## [INSTRUCTIONS TO FOLLOW]
Your task is to copy the lines of the data below from the line holding "(list-of-symbolso d))))))" through the line holding "(lambda (x* a* env out)", inclusive, exactly and with nothing added.

## [LISTED ENTRIES]
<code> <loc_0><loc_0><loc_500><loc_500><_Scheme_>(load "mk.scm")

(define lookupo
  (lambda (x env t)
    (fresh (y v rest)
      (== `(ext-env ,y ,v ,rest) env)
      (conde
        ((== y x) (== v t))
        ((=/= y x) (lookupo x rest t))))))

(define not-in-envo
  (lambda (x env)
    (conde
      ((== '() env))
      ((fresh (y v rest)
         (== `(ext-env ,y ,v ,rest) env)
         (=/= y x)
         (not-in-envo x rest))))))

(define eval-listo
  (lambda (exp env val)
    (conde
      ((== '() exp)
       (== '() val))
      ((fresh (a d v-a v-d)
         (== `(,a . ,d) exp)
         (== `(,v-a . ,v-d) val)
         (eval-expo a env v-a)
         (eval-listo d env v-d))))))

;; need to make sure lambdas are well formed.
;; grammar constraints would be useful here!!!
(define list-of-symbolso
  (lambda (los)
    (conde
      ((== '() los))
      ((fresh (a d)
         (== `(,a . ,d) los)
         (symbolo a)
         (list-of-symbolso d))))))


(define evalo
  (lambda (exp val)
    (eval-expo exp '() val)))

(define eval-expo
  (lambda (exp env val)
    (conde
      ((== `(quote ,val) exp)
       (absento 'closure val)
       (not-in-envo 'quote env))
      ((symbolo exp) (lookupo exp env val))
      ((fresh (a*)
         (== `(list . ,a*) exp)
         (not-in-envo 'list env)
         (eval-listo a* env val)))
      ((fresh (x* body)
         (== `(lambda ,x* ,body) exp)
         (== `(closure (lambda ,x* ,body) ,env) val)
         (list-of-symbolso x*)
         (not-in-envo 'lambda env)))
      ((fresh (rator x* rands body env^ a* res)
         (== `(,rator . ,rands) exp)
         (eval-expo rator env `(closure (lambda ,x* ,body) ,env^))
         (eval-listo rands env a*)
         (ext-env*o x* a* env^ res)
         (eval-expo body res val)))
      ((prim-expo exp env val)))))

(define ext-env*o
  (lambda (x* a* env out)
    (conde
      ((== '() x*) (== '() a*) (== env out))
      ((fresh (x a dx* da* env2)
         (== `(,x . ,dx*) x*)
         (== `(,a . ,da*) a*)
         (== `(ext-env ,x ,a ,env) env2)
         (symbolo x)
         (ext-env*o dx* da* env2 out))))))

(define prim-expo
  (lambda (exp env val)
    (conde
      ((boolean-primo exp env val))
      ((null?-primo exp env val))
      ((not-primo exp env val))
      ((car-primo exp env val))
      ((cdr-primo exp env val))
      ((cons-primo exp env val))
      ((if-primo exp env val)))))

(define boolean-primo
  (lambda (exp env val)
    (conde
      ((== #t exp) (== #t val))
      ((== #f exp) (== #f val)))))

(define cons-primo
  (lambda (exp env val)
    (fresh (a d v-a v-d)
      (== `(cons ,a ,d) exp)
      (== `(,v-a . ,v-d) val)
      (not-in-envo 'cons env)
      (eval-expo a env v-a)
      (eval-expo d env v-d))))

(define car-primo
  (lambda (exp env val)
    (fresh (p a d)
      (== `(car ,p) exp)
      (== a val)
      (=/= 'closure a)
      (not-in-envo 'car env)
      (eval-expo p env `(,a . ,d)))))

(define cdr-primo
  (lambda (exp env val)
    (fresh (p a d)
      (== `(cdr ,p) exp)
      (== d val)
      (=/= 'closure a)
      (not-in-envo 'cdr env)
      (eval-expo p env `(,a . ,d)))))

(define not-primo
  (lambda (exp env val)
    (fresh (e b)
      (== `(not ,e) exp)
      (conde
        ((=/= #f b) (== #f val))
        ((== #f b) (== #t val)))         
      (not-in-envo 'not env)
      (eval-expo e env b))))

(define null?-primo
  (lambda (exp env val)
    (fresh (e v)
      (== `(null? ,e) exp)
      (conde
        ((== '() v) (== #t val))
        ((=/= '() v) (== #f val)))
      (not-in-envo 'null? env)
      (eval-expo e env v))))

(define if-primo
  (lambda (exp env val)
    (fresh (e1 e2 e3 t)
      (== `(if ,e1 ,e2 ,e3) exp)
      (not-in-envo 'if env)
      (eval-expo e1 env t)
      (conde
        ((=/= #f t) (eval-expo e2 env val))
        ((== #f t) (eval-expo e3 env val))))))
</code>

...

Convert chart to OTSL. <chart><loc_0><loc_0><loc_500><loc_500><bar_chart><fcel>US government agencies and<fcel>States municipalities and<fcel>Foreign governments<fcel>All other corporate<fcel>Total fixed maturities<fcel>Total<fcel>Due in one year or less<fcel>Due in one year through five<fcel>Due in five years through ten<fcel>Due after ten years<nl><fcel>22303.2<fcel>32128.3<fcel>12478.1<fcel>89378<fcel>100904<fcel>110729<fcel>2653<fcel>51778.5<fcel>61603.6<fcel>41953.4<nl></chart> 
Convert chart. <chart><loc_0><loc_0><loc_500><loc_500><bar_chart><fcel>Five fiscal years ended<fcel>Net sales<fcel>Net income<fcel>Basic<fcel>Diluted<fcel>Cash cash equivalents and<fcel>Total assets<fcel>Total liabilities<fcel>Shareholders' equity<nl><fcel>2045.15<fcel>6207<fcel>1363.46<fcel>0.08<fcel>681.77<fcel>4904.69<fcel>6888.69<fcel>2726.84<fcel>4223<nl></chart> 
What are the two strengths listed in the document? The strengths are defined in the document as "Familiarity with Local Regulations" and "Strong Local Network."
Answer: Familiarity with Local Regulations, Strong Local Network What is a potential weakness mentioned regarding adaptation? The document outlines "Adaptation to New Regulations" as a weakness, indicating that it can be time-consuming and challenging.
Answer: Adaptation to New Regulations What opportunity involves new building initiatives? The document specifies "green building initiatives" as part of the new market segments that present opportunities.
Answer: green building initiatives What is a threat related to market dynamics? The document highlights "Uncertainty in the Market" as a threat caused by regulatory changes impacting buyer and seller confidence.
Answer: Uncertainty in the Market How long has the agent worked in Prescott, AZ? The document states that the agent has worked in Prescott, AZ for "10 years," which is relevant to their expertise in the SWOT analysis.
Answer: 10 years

## [EXPECTED OUTPUT]
         (list-of-symbolso d))))))


(define evalo
  (lambda (exp val)
    (eval-expo exp '() val)))

(define eval-expo
  (lambda (exp env val)
    (conde
      ((== `(quote ,val) exp)
       (absento 'closure val)
       (not-in-envo 'quote env))
      ((symbolo exp) (lookupo exp env val))
      ((fresh (a*)
         (== `(list . ,a*) exp)
         (not-in-envo 'list env)
         (eval-listo a* env val)))
      ((fresh (x* body)
         (== `(lambda ,x* ,body) exp)
         (== `(closure (lambda ,x* ,body) ,env) val)
         (list-of-symbolso x*)
         (not-in-envo 'lambda env)))
      ((fresh (rator x* rands body env^ a* res)
         (== `(,rator . ,rands) exp)
         (eval-expo rator env `(closure (lambda ,x* ,body) ,env^))
         (eval-listo rands env a*)
         (ext-env*o x* a* env^ res)
         (eval-expo body res val)))
      ((prim-expo exp env val)))))

(define ext-env*o
  (lambda (x* a* env out)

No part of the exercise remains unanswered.